-- GIVEN DATA follows --

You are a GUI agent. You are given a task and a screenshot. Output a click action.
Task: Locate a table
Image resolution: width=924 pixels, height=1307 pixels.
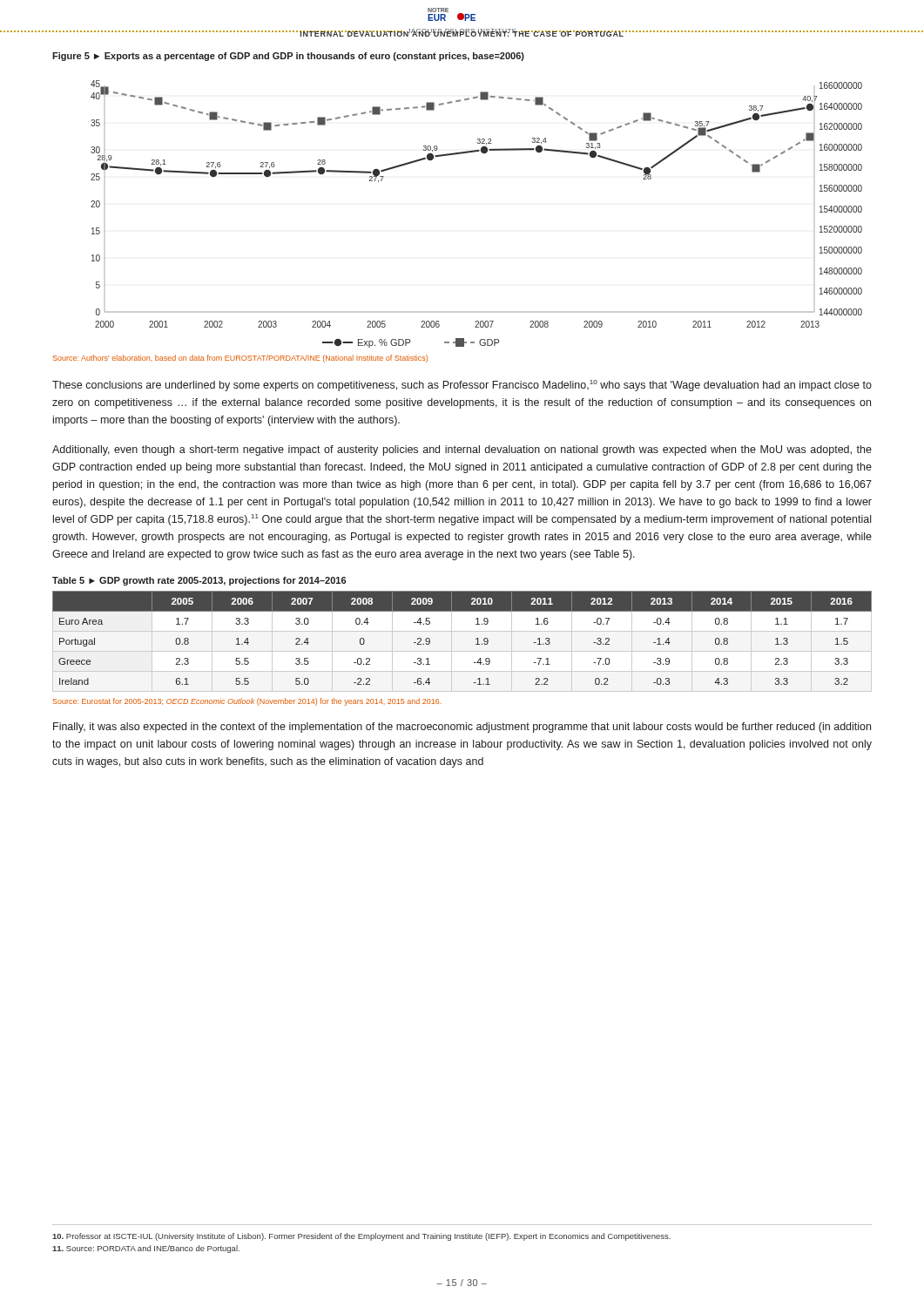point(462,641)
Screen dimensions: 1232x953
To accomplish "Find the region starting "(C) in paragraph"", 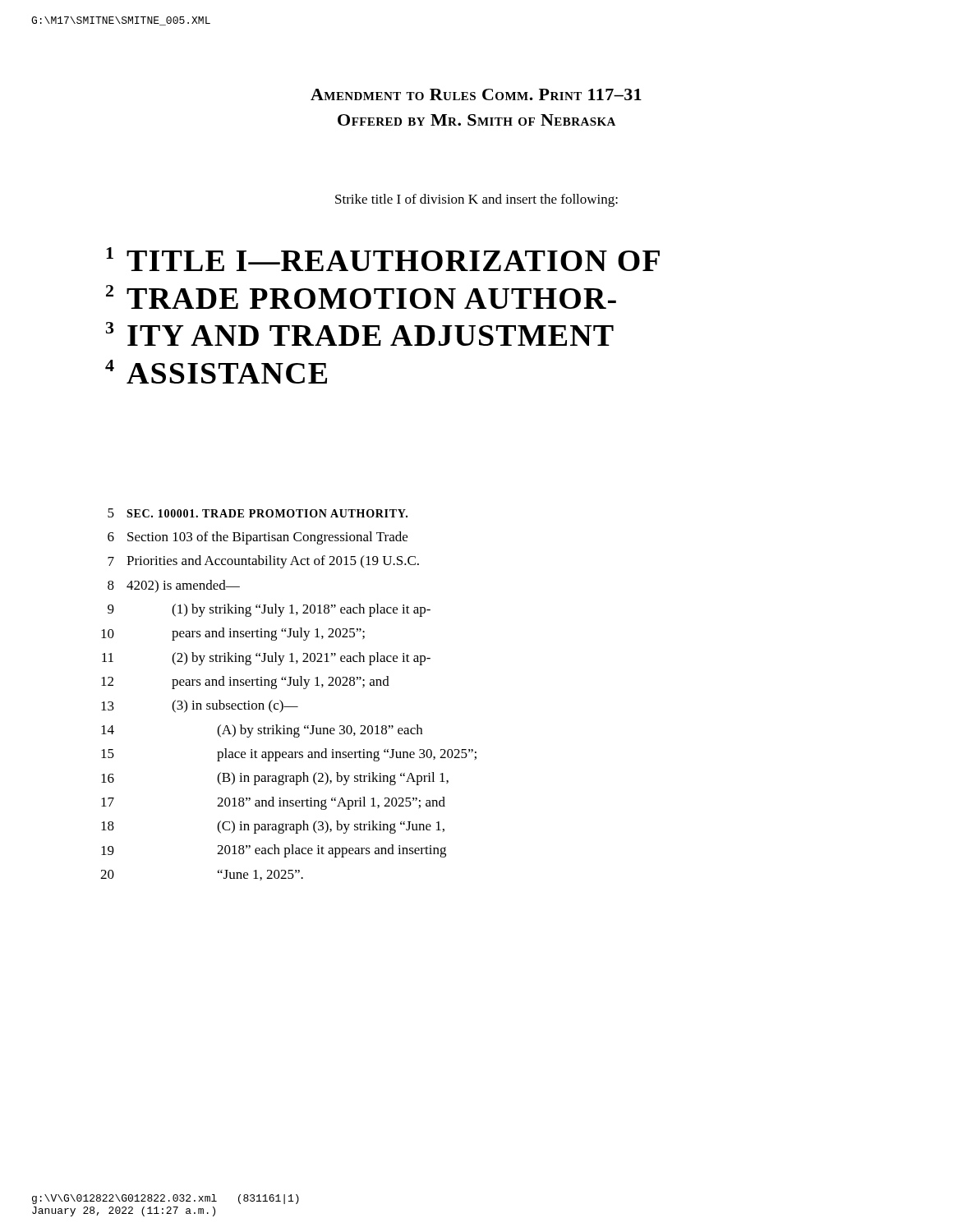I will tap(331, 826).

-- GIVEN DATA concluded --

EXERCISE DIRECTIONS –
Word for word, write out the lines from the top of the records above down to the line holding "Screen dimensions: 1232x953", inclusive, but not the pictures.

EXERCISE SOLUTION –
You are a GUI agent. You are given a task and a screenshot. Output a click action.
Task: Locate a table
Image resolution: width=924 pixels, height=1307 pixels.
point(462,641)
Screen dimensions: 1232x953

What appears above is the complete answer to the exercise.